• [Exercise directions]: Your answer consists of the lines in the data that contain "Keep". Copy each of them.

• [Stored records]:

Segment Open

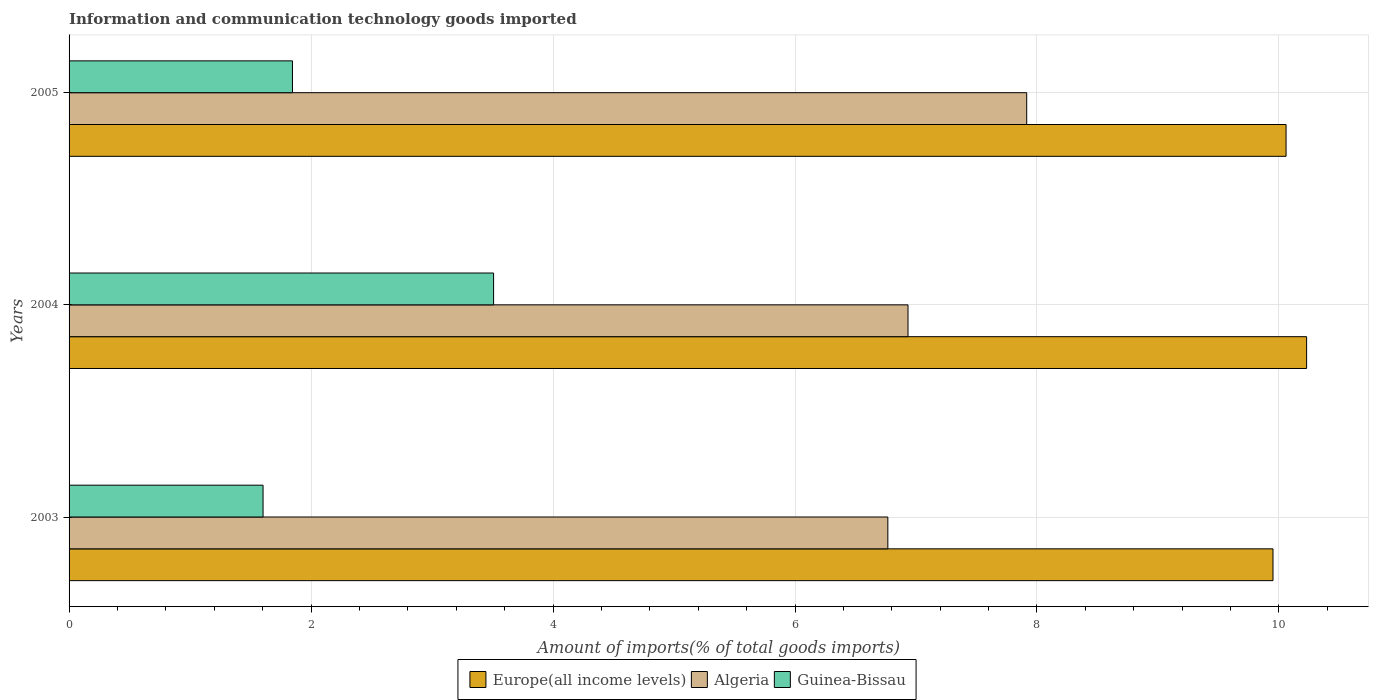How many different coloured bars are there?
Your answer should be very brief. 3. Are the number of bars per tick equal to the number of legend labels?
Your answer should be compact. Yes. In how many cases, is the number of bars for a given year not equal to the number of legend labels?
Your answer should be compact. 0. What is the amount of goods imported in Algeria in 2004?
Your response must be concise. 6.93. Across all years, what is the maximum amount of goods imported in Europe(all income levels)?
Keep it short and to the point. 10.23. Across all years, what is the minimum amount of goods imported in Algeria?
Your answer should be very brief. 6.77. In which year was the amount of goods imported in Europe(all income levels) maximum?
Provide a short and direct response. 2004. What is the total amount of goods imported in Guinea-Bissau in the graph?
Give a very brief answer. 6.96. What is the difference between the amount of goods imported in Algeria in 2004 and that in 2005?
Offer a terse response. -0.98. What is the difference between the amount of goods imported in Guinea-Bissau in 2005 and the amount of goods imported in Algeria in 2003?
Your answer should be compact. -4.92. What is the average amount of goods imported in Guinea-Bissau per year?
Keep it short and to the point. 2.32. In the year 2003, what is the difference between the amount of goods imported in Guinea-Bissau and amount of goods imported in Algeria?
Keep it short and to the point. -5.16. In how many years, is the amount of goods imported in Guinea-Bissau greater than 1.6 %?
Ensure brevity in your answer.  3. What is the ratio of the amount of goods imported in Guinea-Bissau in 2004 to that in 2005?
Your response must be concise. 1.9. What is the difference between the highest and the second highest amount of goods imported in Guinea-Bissau?
Ensure brevity in your answer.  1.66. What is the difference between the highest and the lowest amount of goods imported in Algeria?
Offer a very short reply. 1.15. In how many years, is the amount of goods imported in Guinea-Bissau greater than the average amount of goods imported in Guinea-Bissau taken over all years?
Your answer should be compact. 1. Is the sum of the amount of goods imported in Europe(all income levels) in 2003 and 2005 greater than the maximum amount of goods imported in Algeria across all years?
Your answer should be very brief. Yes. What does the 1st bar from the top in 2004 represents?
Make the answer very short. Guinea-Bissau. What does the 1st bar from the bottom in 2005 represents?
Your answer should be very brief. Europe(all income levels). Are the values on the major ticks of X-axis written in scientific E-notation?
Ensure brevity in your answer.  No. Does the graph contain grids?
Provide a short and direct response. Yes. Where does the legend appear in the graph?
Offer a very short reply. Bottom center. How many legend labels are there?
Your response must be concise. 3. What is the title of the graph?
Provide a succinct answer. Information and communication technology goods imported. What is the label or title of the X-axis?
Your response must be concise. Amount of imports(% of total goods imports). What is the label or title of the Y-axis?
Keep it short and to the point. Years. What is the Amount of imports(% of total goods imports) in Europe(all income levels) in 2003?
Your response must be concise. 9.95. What is the Amount of imports(% of total goods imports) of Algeria in 2003?
Provide a short and direct response. 6.77. What is the Amount of imports(% of total goods imports) of Guinea-Bissau in 2003?
Your answer should be very brief. 1.6. What is the Amount of imports(% of total goods imports) of Europe(all income levels) in 2004?
Offer a terse response. 10.23. What is the Amount of imports(% of total goods imports) in Algeria in 2004?
Ensure brevity in your answer.  6.93. What is the Amount of imports(% of total goods imports) of Guinea-Bissau in 2004?
Your response must be concise. 3.51. What is the Amount of imports(% of total goods imports) in Europe(all income levels) in 2005?
Keep it short and to the point. 10.06. What is the Amount of imports(% of total goods imports) in Algeria in 2005?
Your answer should be very brief. 7.92. What is the Amount of imports(% of total goods imports) in Guinea-Bissau in 2005?
Offer a very short reply. 1.85. Across all years, what is the maximum Amount of imports(% of total goods imports) of Europe(all income levels)?
Make the answer very short. 10.23. Across all years, what is the maximum Amount of imports(% of total goods imports) of Algeria?
Provide a short and direct response. 7.92. Across all years, what is the maximum Amount of imports(% of total goods imports) of Guinea-Bissau?
Offer a very short reply. 3.51. Across all years, what is the minimum Amount of imports(% of total goods imports) in Europe(all income levels)?
Give a very brief answer. 9.95. Across all years, what is the minimum Amount of imports(% of total goods imports) in Algeria?
Your response must be concise. 6.77. Across all years, what is the minimum Amount of imports(% of total goods imports) of Guinea-Bissau?
Provide a short and direct response. 1.6. What is the total Amount of imports(% of total goods imports) of Europe(all income levels) in the graph?
Your answer should be very brief. 30.24. What is the total Amount of imports(% of total goods imports) in Algeria in the graph?
Offer a terse response. 21.62. What is the total Amount of imports(% of total goods imports) of Guinea-Bissau in the graph?
Offer a very short reply. 6.96. What is the difference between the Amount of imports(% of total goods imports) of Europe(all income levels) in 2003 and that in 2004?
Provide a succinct answer. -0.28. What is the difference between the Amount of imports(% of total goods imports) of Algeria in 2003 and that in 2004?
Provide a succinct answer. -0.17. What is the difference between the Amount of imports(% of total goods imports) in Guinea-Bissau in 2003 and that in 2004?
Make the answer very short. -1.91. What is the difference between the Amount of imports(% of total goods imports) in Europe(all income levels) in 2003 and that in 2005?
Ensure brevity in your answer.  -0.11. What is the difference between the Amount of imports(% of total goods imports) in Algeria in 2003 and that in 2005?
Provide a succinct answer. -1.15. What is the difference between the Amount of imports(% of total goods imports) of Guinea-Bissau in 2003 and that in 2005?
Provide a short and direct response. -0.24. What is the difference between the Amount of imports(% of total goods imports) in Europe(all income levels) in 2004 and that in 2005?
Make the answer very short. 0.17. What is the difference between the Amount of imports(% of total goods imports) in Algeria in 2004 and that in 2005?
Make the answer very short. -0.98. What is the difference between the Amount of imports(% of total goods imports) of Guinea-Bissau in 2004 and that in 2005?
Offer a very short reply. 1.66. What is the difference between the Amount of imports(% of total goods imports) of Europe(all income levels) in 2003 and the Amount of imports(% of total goods imports) of Algeria in 2004?
Ensure brevity in your answer.  3.02. What is the difference between the Amount of imports(% of total goods imports) in Europe(all income levels) in 2003 and the Amount of imports(% of total goods imports) in Guinea-Bissau in 2004?
Offer a very short reply. 6.44. What is the difference between the Amount of imports(% of total goods imports) in Algeria in 2003 and the Amount of imports(% of total goods imports) in Guinea-Bissau in 2004?
Ensure brevity in your answer.  3.26. What is the difference between the Amount of imports(% of total goods imports) of Europe(all income levels) in 2003 and the Amount of imports(% of total goods imports) of Algeria in 2005?
Provide a succinct answer. 2.04. What is the difference between the Amount of imports(% of total goods imports) of Europe(all income levels) in 2003 and the Amount of imports(% of total goods imports) of Guinea-Bissau in 2005?
Offer a terse response. 8.1. What is the difference between the Amount of imports(% of total goods imports) of Algeria in 2003 and the Amount of imports(% of total goods imports) of Guinea-Bissau in 2005?
Your response must be concise. 4.92. What is the difference between the Amount of imports(% of total goods imports) in Europe(all income levels) in 2004 and the Amount of imports(% of total goods imports) in Algeria in 2005?
Make the answer very short. 2.31. What is the difference between the Amount of imports(% of total goods imports) in Europe(all income levels) in 2004 and the Amount of imports(% of total goods imports) in Guinea-Bissau in 2005?
Your answer should be very brief. 8.38. What is the difference between the Amount of imports(% of total goods imports) in Algeria in 2004 and the Amount of imports(% of total goods imports) in Guinea-Bissau in 2005?
Give a very brief answer. 5.09. What is the average Amount of imports(% of total goods imports) of Europe(all income levels) per year?
Your answer should be compact. 10.08. What is the average Amount of imports(% of total goods imports) of Algeria per year?
Make the answer very short. 7.21. What is the average Amount of imports(% of total goods imports) in Guinea-Bissau per year?
Provide a short and direct response. 2.32. In the year 2003, what is the difference between the Amount of imports(% of total goods imports) of Europe(all income levels) and Amount of imports(% of total goods imports) of Algeria?
Make the answer very short. 3.18. In the year 2003, what is the difference between the Amount of imports(% of total goods imports) in Europe(all income levels) and Amount of imports(% of total goods imports) in Guinea-Bissau?
Your answer should be very brief. 8.35. In the year 2003, what is the difference between the Amount of imports(% of total goods imports) of Algeria and Amount of imports(% of total goods imports) of Guinea-Bissau?
Give a very brief answer. 5.16. In the year 2004, what is the difference between the Amount of imports(% of total goods imports) in Europe(all income levels) and Amount of imports(% of total goods imports) in Algeria?
Make the answer very short. 3.29. In the year 2004, what is the difference between the Amount of imports(% of total goods imports) of Europe(all income levels) and Amount of imports(% of total goods imports) of Guinea-Bissau?
Provide a succinct answer. 6.72. In the year 2004, what is the difference between the Amount of imports(% of total goods imports) in Algeria and Amount of imports(% of total goods imports) in Guinea-Bissau?
Keep it short and to the point. 3.43. In the year 2005, what is the difference between the Amount of imports(% of total goods imports) of Europe(all income levels) and Amount of imports(% of total goods imports) of Algeria?
Give a very brief answer. 2.14. In the year 2005, what is the difference between the Amount of imports(% of total goods imports) of Europe(all income levels) and Amount of imports(% of total goods imports) of Guinea-Bissau?
Your response must be concise. 8.21. In the year 2005, what is the difference between the Amount of imports(% of total goods imports) in Algeria and Amount of imports(% of total goods imports) in Guinea-Bissau?
Offer a very short reply. 6.07. What is the ratio of the Amount of imports(% of total goods imports) in Europe(all income levels) in 2003 to that in 2004?
Ensure brevity in your answer.  0.97. What is the ratio of the Amount of imports(% of total goods imports) of Algeria in 2003 to that in 2004?
Give a very brief answer. 0.98. What is the ratio of the Amount of imports(% of total goods imports) in Guinea-Bissau in 2003 to that in 2004?
Offer a terse response. 0.46. What is the ratio of the Amount of imports(% of total goods imports) in Europe(all income levels) in 2003 to that in 2005?
Make the answer very short. 0.99. What is the ratio of the Amount of imports(% of total goods imports) in Algeria in 2003 to that in 2005?
Give a very brief answer. 0.85. What is the ratio of the Amount of imports(% of total goods imports) of Guinea-Bissau in 2003 to that in 2005?
Provide a short and direct response. 0.87. What is the ratio of the Amount of imports(% of total goods imports) in Europe(all income levels) in 2004 to that in 2005?
Give a very brief answer. 1.02. What is the ratio of the Amount of imports(% of total goods imports) in Algeria in 2004 to that in 2005?
Ensure brevity in your answer.  0.88. What is the ratio of the Amount of imports(% of total goods imports) of Guinea-Bissau in 2004 to that in 2005?
Make the answer very short. 1.9. What is the difference between the highest and the second highest Amount of imports(% of total goods imports) in Europe(all income levels)?
Provide a succinct answer. 0.17. What is the difference between the highest and the second highest Amount of imports(% of total goods imports) in Guinea-Bissau?
Your response must be concise. 1.66. What is the difference between the highest and the lowest Amount of imports(% of total goods imports) in Europe(all income levels)?
Your answer should be compact. 0.28. What is the difference between the highest and the lowest Amount of imports(% of total goods imports) of Algeria?
Your answer should be compact. 1.15. What is the difference between the highest and the lowest Amount of imports(% of total goods imports) of Guinea-Bissau?
Provide a succinct answer. 1.91.

Segment Closed

• [Written solution]:
Keep it short and to the point. 10.23. Across all years, what is the minimum amount of goods imported in Algeria?
Keep it short and to the point. 2.32. In the year 2003, what is the difference between the amount of goods imported in Guinea-Bissau and amount of goods imported in Algeria?
Keep it short and to the point. -5.16. In how many years, is the amount of goods imported in Guinea-Bissau greater than 1.6 %?
Keep it short and to the point. Years. What is the Amount of imports(% of total goods imports) in Europe(all income levels) in 2003?
Keep it short and to the point. 10.06. What is the Amount of imports(% of total goods imports) in Algeria in 2005?
Keep it short and to the point. 3.43. In the year 2005, what is the difference between the Amount of imports(% of total goods imports) of Europe(all income levels) and Amount of imports(% of total goods imports) of Algeria?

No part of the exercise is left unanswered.